The contentious second test

-For the second test, the doping control officer arrived at the hotel at 6 a.m. – which was the start of the window. He told the hearing the staff understood the request, and even contacted the manager to assist. The officer was told that Brooksby hadn’t checked in yet and wasn’t there – that he was supposed to check in later, because the first night of his registered stay was that night. The manager even showed them the information in their reservation system, which the officer (a man with 25 years’ experience) said no hotel had ever done. There didn’t appear to have been a “call every 10-15 minutes” to the room, as the guidelines indicate, because there was no evidence that Brooksby was even there.

-When (after getting no response to their original letter notifying him of the missed test) Brooksby responded to a letter saying he could request an administrative review, he did respond. In that review request, Brooksby said they missed it because “they didn’t look to see who my roommate was. I was rooming with my physio, and the room was under his name. We did an external booking and he used his (points) status to get a better deal.” In other words, they got a better rate booking outside the ATP system. The physio booked two rooms with his status, one for the coach, and another for the two of them, before Brooksby’s ATP reservation kicked in. Because they already had a reservation for Brooksby for later in the week, the hotel cancelled the former reservation. When he checked in, the physio didn’t ask them to add Brooksby’s name. He could have, but it “didn’t occur to him”. He told Brooksby’s agent of the change 4-5 days before the missed test.
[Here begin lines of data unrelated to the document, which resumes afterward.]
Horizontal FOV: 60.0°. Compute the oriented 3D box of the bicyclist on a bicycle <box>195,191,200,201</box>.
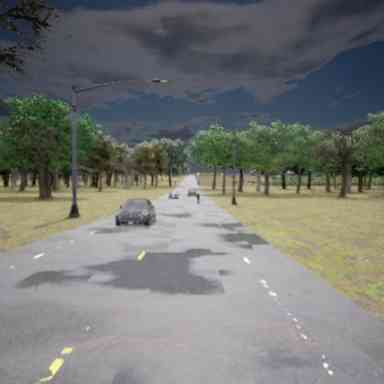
[{"bbox_3d":[0.971,0.654,58.257,0.866,1.612,1.509,0,1,0],"label":"bicyclist on a bicycle"}]

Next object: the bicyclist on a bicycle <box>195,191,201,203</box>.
[{"bbox_3d":[0.979,0.866,47.873,0.582,1.620,1.656,0,1,0],"label":"bicyclist on a bicycle"}]

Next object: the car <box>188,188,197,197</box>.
[{"bbox_3d":[0.028,0.271,75.832,1.812,1.442,4.674,0,2,0],"label":"car"}]

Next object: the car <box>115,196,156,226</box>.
[{"bbox_3d":[-3.591,1.196,21.744,2.097,1.767,4.553,0,1,0],"label":"car"}]

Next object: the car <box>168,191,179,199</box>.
[{"bbox_3d":[-3.497,0.595,63.455,2.128,1.511,4.902,0,1,1],"label":"car"}]

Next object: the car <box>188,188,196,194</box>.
[{"bbox_3d":[0.032,-0.287,88.251,2.128,1.511,4.902,0,2,0],"label":"car"}]
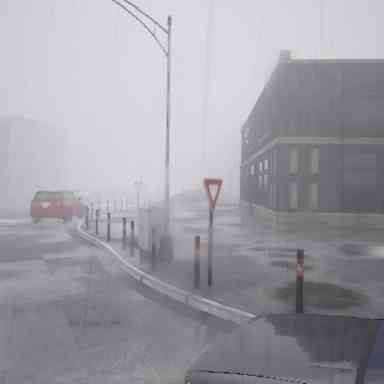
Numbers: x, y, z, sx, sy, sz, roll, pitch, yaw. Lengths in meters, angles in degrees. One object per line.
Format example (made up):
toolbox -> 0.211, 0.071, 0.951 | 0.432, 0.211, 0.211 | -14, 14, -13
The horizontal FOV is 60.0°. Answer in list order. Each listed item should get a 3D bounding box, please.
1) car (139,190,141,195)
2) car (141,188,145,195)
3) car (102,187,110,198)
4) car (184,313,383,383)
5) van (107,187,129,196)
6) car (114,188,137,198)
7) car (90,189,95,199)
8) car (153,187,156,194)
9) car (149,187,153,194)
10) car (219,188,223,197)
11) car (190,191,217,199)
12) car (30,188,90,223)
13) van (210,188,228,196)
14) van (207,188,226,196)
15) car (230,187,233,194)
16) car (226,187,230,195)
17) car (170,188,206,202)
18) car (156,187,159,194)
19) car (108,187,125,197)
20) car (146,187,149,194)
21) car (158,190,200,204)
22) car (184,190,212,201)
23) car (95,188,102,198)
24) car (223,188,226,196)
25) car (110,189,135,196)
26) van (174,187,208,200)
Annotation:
car -> -15.397, -0.098, 79.120 | 4.553, 1.767, 2.185 | 1, 1, 12
car -> -14.822, -0.149, 81.815 | 4.553, 1.767, 2.185 | 1, 1, 12
car -> -18.825, 0.352, 62.941 | 4.892, 1.521, 2.231 | 1, 1, 12
car -> 2.471, 1.548, 2.046 | 5.357, 1.411, 2.033 | 0, 0, 35
van -> -16.401, -0.089, 73.694 | 4.442, 1.987, 1.878 | 1, 1, 12
car -> -13.286, 0.456, 66.650 | 1.994, 1.385, 4.181 | 1, 1, 12
car -> -17.125, 0.386, 49.208 | 2.150, 2.045, 5.566 | 1, 1, 11
car -> -13.061, -0.171, 89.899 | 4.892, 1.521, 2.231 | 1, 1, 12
car -> -13.637, -0.122, 87.202 | 4.892, 1.521, 2.231 | 1, 1, 12
car -> 2.863, 0.255, 67.758 | 5.566, 2.045, 2.435 | 1, 1, 12
car -> 2.256, 0.563, 65.053 | 4.892, 1.521, 2.231 | 1, 1, 12
car -> -8.939, 0.924, 22.634 | 2.150, 2.045, 5.566 | 0, 1, -3
van -> 7.022, -0.090, 86.760 | 4.442, 1.987, 1.878 | 1, 1, 12
van -> 6.212, -0.045, 84.094 | 4.442, 1.987, 1.878 | 1, 1, 12
car -> 8.039, 0.066, 92.231 | 4.792, 1.488, 2.163 | 1, 1, 12
car -> 5.772, -0.016, 81.345 | 5.566, 2.045, 2.435 | 1, 1, 12
car -> -0.628, 0.701, 51.453 | 4.553, 1.767, 2.185 | 1, 1, 12
car -> -12.486, -0.218, 92.595 | 4.892, 1.521, 2.231 | 1, 1, 12
car -> -16.912, 0.188, 70.989 | 5.366, 1.575, 1.946 | 1, 1, 12
car -> -14.185, -0.199, 84.499 | 4.553, 1.767, 2.185 | 1, 1, 12
car -> -1.828, 0.934, 46.154 | 4.792, 1.488, 2.163 | 1, 1, 12
car -> 1.118, 0.549, 59.611 | 4.553, 1.767, 2.185 | 1, 1, 12
car -> -19.363, 0.276, 60.230 | 4.553, 1.767, 2.185 | 1, 1, 12
car -> 3.997, 0.141, 73.328 | 5.566, 2.045, 2.435 | 1, 1, 12
car -> -15.948, 0.081, 76.421 | 5.008, 1.535, 2.097 | 1, 1, 12
van -> -0.163, 0.551, 54.325 | 4.442, 1.987, 1.878 | 1, 1, 12
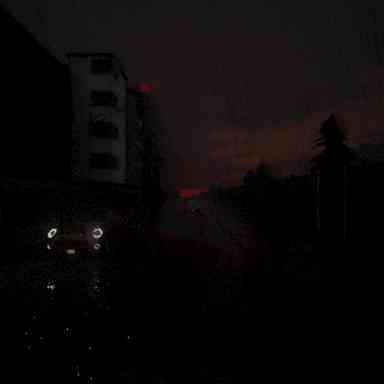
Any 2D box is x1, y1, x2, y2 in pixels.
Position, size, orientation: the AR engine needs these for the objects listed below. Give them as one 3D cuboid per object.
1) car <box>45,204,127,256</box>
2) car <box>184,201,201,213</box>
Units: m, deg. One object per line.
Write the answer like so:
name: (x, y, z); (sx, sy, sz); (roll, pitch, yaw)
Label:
car: (-4.053, 1.430, 13.425); (2.097, 1.767, 4.553); (0, 0, 0)
car: (0.079, 1.752, 39.547); (1.812, 1.442, 4.674); (0, 0, 0)
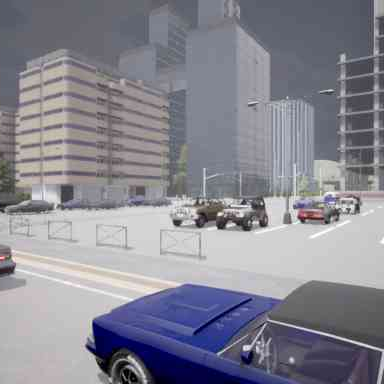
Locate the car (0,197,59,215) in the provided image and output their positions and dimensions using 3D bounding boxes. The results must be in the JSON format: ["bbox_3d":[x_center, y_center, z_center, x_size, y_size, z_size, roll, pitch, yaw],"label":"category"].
[{"bbox_3d":[-16.312,1.526,33.593,1.812,1.442,4.674,0,0,34],"label":"car"}]

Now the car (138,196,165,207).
[{"bbox_3d":[-5.187,1.547,50.179,2.033,1.411,5.357,0,0,34],"label":"car"}]

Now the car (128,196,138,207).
[{"bbox_3d":[-8.870,1.352,50.934,2.097,1.767,4.553,0,0,35],"label":"car"}]

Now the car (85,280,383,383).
[{"bbox_3d":[1.120,1.601,3.191,4.718,1.301,1.895,0,0,35],"label":"car"}]

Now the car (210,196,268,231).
[{"bbox_3d":[3.012,1.156,19.279,1.905,1.878,3.866,0,0,34],"label":"car"}]

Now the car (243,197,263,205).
[{"bbox_3d":[11.358,1.601,61.948,1.895,1.301,4.718,0,0,35],"label":"car"}]

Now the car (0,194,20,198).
[{"bbox_3d":[-20.259,1.222,34.031,2.150,2.045,5.566,0,0,34],"label":"car"}]

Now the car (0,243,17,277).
[{"bbox_3d":[-6.724,1.547,8.707,5.357,1.411,2.033,0,0,35],"label":"car"}]

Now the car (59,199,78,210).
[{"bbox_3d":[-14.549,1.547,42.539,2.033,1.411,5.357,0,0,34],"label":"car"}]

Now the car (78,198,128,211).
[{"bbox_3d":[-10.981,1.547,41.564,2.033,1.411,5.357,0,0,34],"label":"car"}]

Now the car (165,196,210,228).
[{"bbox_3d":[0.645,1.153,20.945,1.932,1.855,4.605,0,0,34],"label":"car"}]

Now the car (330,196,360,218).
[{"bbox_3d":[15.038,1.395,32.232,1.970,1.475,3.806,0,0,34],"label":"car"}]

-During the hearing, even though Brooksby wrote on social media he had given the front desk his passport, he told the panel the opposite – that “he was told it was not needed”. When he lost his key and went to the front desk to get a new one, he testified that he asked to have his name added to the reservation, which the staff told him could not be done electronically. So they “wrote it on a piece of paper that was left on the desk”. Brooksby testified (the report notes this is the first time in the process he had mentioned this despite having been asked on several occasions to provide details) that he told them this was very important, in case the dope testers came to call. Of course, there are multiple front-desk employees and multiple shift changes every day, so that was not exactly diligent, in the panel’s consideration.
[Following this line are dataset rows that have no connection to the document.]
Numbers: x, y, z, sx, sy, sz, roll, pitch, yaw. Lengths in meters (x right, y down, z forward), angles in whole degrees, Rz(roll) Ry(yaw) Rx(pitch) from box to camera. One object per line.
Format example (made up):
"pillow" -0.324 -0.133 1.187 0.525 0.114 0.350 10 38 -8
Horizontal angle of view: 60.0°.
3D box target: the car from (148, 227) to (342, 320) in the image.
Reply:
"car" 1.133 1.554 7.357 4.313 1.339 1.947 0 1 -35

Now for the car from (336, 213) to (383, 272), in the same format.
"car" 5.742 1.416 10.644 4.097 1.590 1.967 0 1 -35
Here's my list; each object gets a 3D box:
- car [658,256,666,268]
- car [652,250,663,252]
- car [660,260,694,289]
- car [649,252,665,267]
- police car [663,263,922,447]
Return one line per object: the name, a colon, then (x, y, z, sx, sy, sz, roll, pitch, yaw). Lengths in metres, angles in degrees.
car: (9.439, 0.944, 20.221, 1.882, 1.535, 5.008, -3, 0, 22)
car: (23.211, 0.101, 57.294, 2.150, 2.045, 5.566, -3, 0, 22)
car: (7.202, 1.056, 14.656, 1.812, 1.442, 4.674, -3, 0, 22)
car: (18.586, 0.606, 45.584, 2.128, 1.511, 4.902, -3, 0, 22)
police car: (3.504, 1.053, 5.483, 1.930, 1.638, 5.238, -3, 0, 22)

-Brooksby contends that the fact that his room was identified as a “twin” instead of a “king” meant the officer should have … asked more questions. But the Tribunal found that since the officer was told the player had not yet checked in, the officer had no obligation to make further enquiries.

Ultimately, the tribunal found that Brooksby’s “degree of fault” was high.
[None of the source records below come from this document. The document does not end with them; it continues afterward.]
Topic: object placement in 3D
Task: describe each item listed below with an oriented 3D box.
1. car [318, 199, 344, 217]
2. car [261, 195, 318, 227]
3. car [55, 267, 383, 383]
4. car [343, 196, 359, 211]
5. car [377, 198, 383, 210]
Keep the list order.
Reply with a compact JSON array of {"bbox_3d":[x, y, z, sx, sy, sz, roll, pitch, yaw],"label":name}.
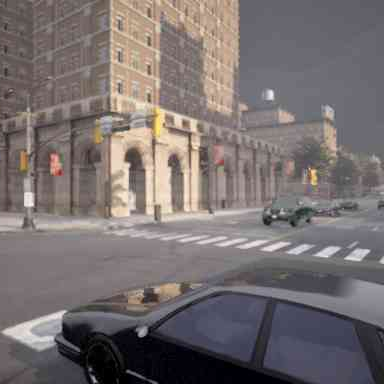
[{"bbox_3d":[12.847,1.509,31.886,1.837,1.490,4.892,0,0,35],"label":"car"},{"bbox_3d":[6.830,1.226,23.402,2.150,2.045,5.566,0,0,35],"label":"car"},{"bbox_3d":[0.888,1.548,3.362,5.357,1.411,2.033,0,0,35],"label":"car"},{"bbox_3d":[18.905,1.551,40.423,2.033,1.411,5.357,0,0,36],"label":"car"},{"bbox_3d":[25.248,1.506,43.059,1.837,1.490,4.892,0,0,35],"label":"car"}]
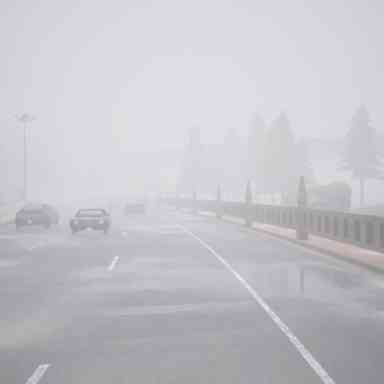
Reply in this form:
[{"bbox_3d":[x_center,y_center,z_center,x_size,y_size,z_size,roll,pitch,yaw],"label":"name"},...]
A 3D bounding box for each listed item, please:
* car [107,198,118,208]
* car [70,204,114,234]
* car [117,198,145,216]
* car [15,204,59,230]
[{"bbox_3d":[-9.766,1.526,42.731,1.812,1.442,4.674,0,0,-24],"label":"car"},{"bbox_3d":[-5.728,1.601,19.234,1.895,1.301,4.718,0,0,-11],"label":"car"},{"bbox_3d":[-5.931,1.478,32.990,1.882,1.535,5.008,0,0,-19],"label":"car"},{"bbox_3d":[-9.815,1.492,21.334,2.128,1.511,4.902,0,0,-13],"label":"car"}]
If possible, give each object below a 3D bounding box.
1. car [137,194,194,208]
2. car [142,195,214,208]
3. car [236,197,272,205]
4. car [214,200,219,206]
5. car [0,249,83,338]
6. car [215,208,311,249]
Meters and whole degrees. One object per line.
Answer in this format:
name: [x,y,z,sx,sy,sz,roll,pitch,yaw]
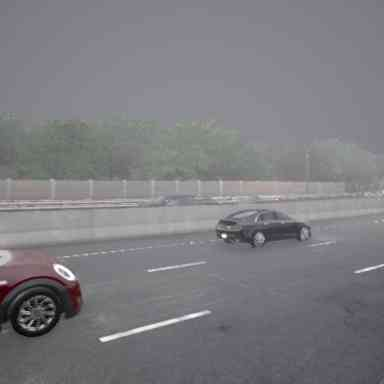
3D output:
car: [-2.015,1.197,28.315,5.566,2.045,2.150,-1,0,-35]
car: [-1.025,1.335,24.725,4.553,1.767,2.097,0,0,-35]
car: [7.256,1.344,39.138,4.902,1.511,2.128,-1,1,-35]
car: [0.966,1.418,38.988,4.892,1.490,1.837,-1,1,-35]
car: [-4.111,1.353,5.112,4.553,1.767,2.097,0,0,-35]
car: [3.257,1.494,14.646,4.892,1.490,1.837,0,0,-35]
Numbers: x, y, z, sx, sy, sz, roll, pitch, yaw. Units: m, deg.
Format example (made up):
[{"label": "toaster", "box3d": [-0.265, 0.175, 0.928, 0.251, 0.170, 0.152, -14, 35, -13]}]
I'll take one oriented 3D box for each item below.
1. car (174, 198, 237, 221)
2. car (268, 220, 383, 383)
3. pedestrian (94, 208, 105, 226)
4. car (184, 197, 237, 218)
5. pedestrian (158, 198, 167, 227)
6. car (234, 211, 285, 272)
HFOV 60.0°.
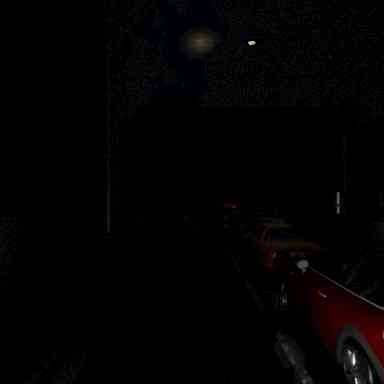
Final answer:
[{"label": "car", "box3d": [1.070, 1.472, 26.539, 5.008, 1.535, 1.882, 0, 0, 0]}, {"label": "car", "box3d": [2.641, 1.441, 4.989, 1.967, 1.590, 4.097, 0, 0, 0]}, {"label": "pedestrian", "box3d": [-5.552, 1.129, 20.202, 0.375, 1.860, 0.375, 0, 0, 0]}, {"label": "car", "box3d": [1.587, 1.364, 29.497, 4.553, 1.767, 2.097, 0, 0, 0]}, {"label": "pedestrian", "box3d": [-1.747, 1.302, 21.017, 0.375, 1.860, 0.375, 0, 0, 0]}, {"label": "car", "box3d": [2.638, 1.529, 10.597, 1.752, 1.417, 4.829, 0, 0, 0]}]
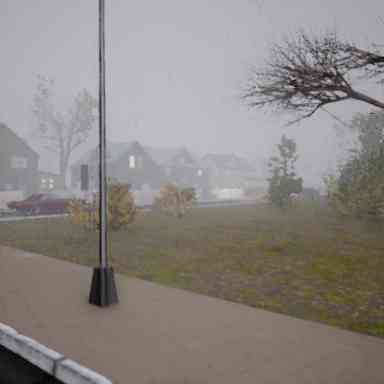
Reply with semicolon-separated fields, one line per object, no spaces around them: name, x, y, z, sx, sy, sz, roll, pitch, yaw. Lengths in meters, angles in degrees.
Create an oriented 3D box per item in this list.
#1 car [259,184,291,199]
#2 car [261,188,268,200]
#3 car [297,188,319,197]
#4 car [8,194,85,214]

Brooksby on the shelf anyway

Brooksby had surgery on both his wrists in May.

During the suspension period, Brooksby cannot even show his face (never mind play or coach) at any event sanctioned by ITIA members: the ATP, WTA, ITF and all four Grand Slams.

Brooksby has been “around” tennis events in recent months, although not at the events.

Before the US Open, he appeared at the “Taste of Tennis” event in New York.

At the end of September, before going to London for his hearing, he was at a Little Mo kids’ event in Florida.

Halep appeals suspension to CAS

In other news, Simona Halep, whose turn at the tribunal resulted in a four-year suspension, has officially appealed to the ultimate arbiter in her case, the Court of Arbitration for Sport in Lausanne, Switzerland.

According to the CAS release, Halep asks that the decision be set aside and that her sanction be reduced.

The arbitration proceedings have begun, with the parties exchanging written submissions. The panel of arbitrators that will decide the case is being constituted, per the CAS.

It said it cannot give a time frame for the issuance of the decision, which will be final and binding “with the exception of the parties’ rights to file an appeal to the Swiss Federal Tribunal within 30 days on limited grounds”.